The morning after this month’s relatively quiet Election Day, I read story after story about a major pro-life defeat. “Mississippi Wins for Women!” The Daily Beast exclaimed. “Birth Control Remains Legal: Mississippi Voters Reject Draconian ‘Personhood’ Initiative,” declared the National Organization for Women. “Our victory in Mississippi has already sent a strong message to extremists who will stop at nothing to outlaw abortion. If we stand together, we can stop the escalating assault on reproductive rights,” the American Civil Liberties Union proclaimed.
Mississippi’s personhood initiative, which sought to amend the Magnolia State’s constitution to define “person” to “include every human being from the moment of fertilization,” had lost at the ballot box. But if this was a pro-choice victory, it was a pyrrhic one. Pro-life voters played an integral role — in a pro-life state, no less — in the defeat of the amendment. Moreover, this was a defeat actually welcomed
by many reliable pro-life activists around the country, concerned, among other things, that it would invite the Supreme Court to double down on Roe v. Wade
, almost 40 years after the landmark decision that invented a right to privacy and codified a cultural revolution.
It is clear that the personhood campaign was no unanimous pro-life strategy. But the framing of it by the pro-choice camp certainly was unanimous.
Leonard J. Nelson III, a law professor and author of Diagnosis Critical: The Urgent Threats Confronting Catholic Health Care, explains that the personhood amendment “was promoted by Southern Baptists and other Evangelicals. But the Catholic bishop in Jackson refused to back it. The Methodist bishops in Mississippi also came out against it. James Bopp at National Right to Life said it was a bad idea and could endanger serious attempts to overturn Roe. Many conservative Protestants are opposed to abortion but favor contraception, and this measure could be interpreted as banning some forms of contraception.
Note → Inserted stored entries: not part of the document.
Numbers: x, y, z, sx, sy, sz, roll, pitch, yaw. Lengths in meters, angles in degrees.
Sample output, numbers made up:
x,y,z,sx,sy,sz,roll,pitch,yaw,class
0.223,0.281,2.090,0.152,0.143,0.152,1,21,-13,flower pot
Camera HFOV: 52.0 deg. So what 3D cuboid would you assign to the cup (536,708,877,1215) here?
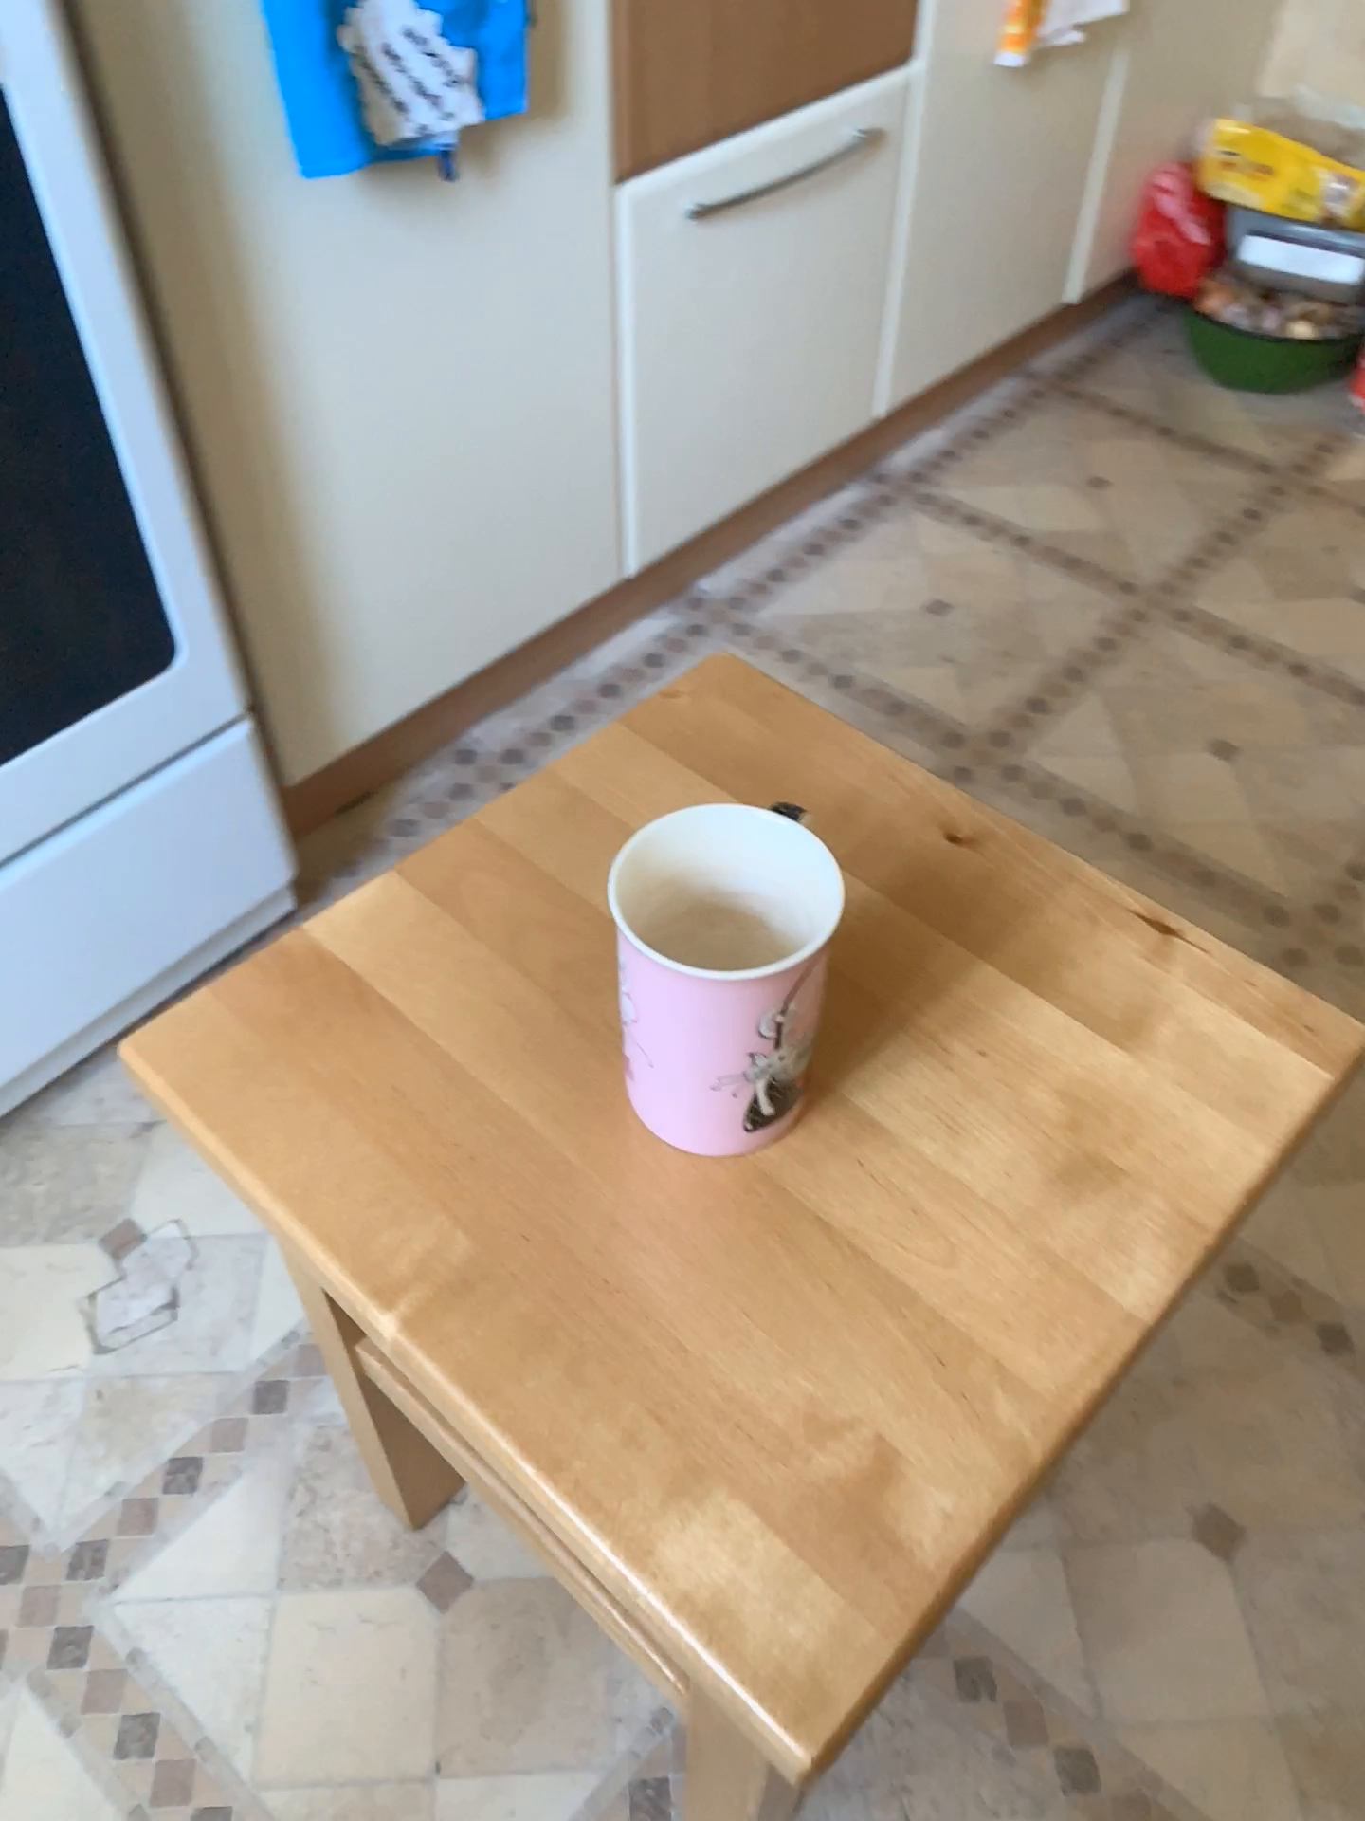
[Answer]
x,y,z,sx,sy,sz,roll,pitch,yaw,class
0.010,0.016,0.470,0.074,0.107,0.114,14,49,12,cup

Also many conservative Protestants favor in vitro fertilization, and it could be construed as affecting that. It was an oversimplified and sweeping approach to an issue that is more complicated than that for many pro-life voters.” Even pro-life Republican ex-governor Haley Barbour questioned it.
In other words, it was a great deal more complicated than the black-and-white “Pro-choice wins, and pro-life loses!” It wouldn’t even be incorrect to call the initiative’s defeat a pro-life victory. But that would not do full justice to the issue. Our political culture is such that deep discussions don’t always happen, and sometimes aren’t even welcomed by groups that are quite comfortable with keeping a light from shining on the human experience in all its stages and complications. If we were willing to have those discussions, we might realize that we have a lot more in common than the labels “pro-life” and “pro-choice” suggest, and that there is a lot of middle ground to work on, to save lives and make living them seem a lot more rewarding than it might otherwise look.